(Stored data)
──────

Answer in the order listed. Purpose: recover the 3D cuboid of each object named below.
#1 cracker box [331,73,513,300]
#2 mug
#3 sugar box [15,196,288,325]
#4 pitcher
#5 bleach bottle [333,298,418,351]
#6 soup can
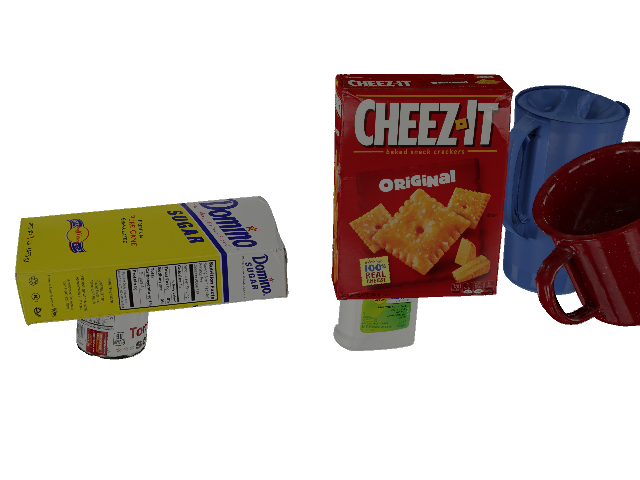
[{"bbox_3d":[0.095,-0.051,1.040,0.164,0.214,0.072,-1,21,-5],"label":"cracker box"},{"bbox_3d":[0.180,0.006,0.658,0.117,0.081,0.093,-41,32,-17],"label":"mug"},{"bbox_3d":[-0.116,0.011,0.735,0.176,0.048,0.093,-8,27,-9],"label":"sugar box"},{"bbox_3d":[0.282,-0.057,1.300,0.149,0.243,0.145,4,27,2],"label":"pitcher"},{"bbox_3d":[0.073,0.005,1.298,0.102,0.251,0.068,-3,16,-18],"label":"bleach bottle"},{"bbox_3d":[-0.194,0.052,1.001,0.068,0.102,0.068,6,21,-3],"label":"soup can"}]

──────

- **PROBLEM STATEMENT**: Print the records above verbatim from their first line to the line containing "#5 bleach bottle [333,298,418,351]", both included, and stop there.

- **RESULT OF THE TASK**:
Answer in the order listed. Purpose: recover the 3D cuboid of each object named below.
#1 cracker box [331,73,513,300]
#2 mug
#3 sugar box [15,196,288,325]
#4 pitcher
#5 bleach bottle [333,298,418,351]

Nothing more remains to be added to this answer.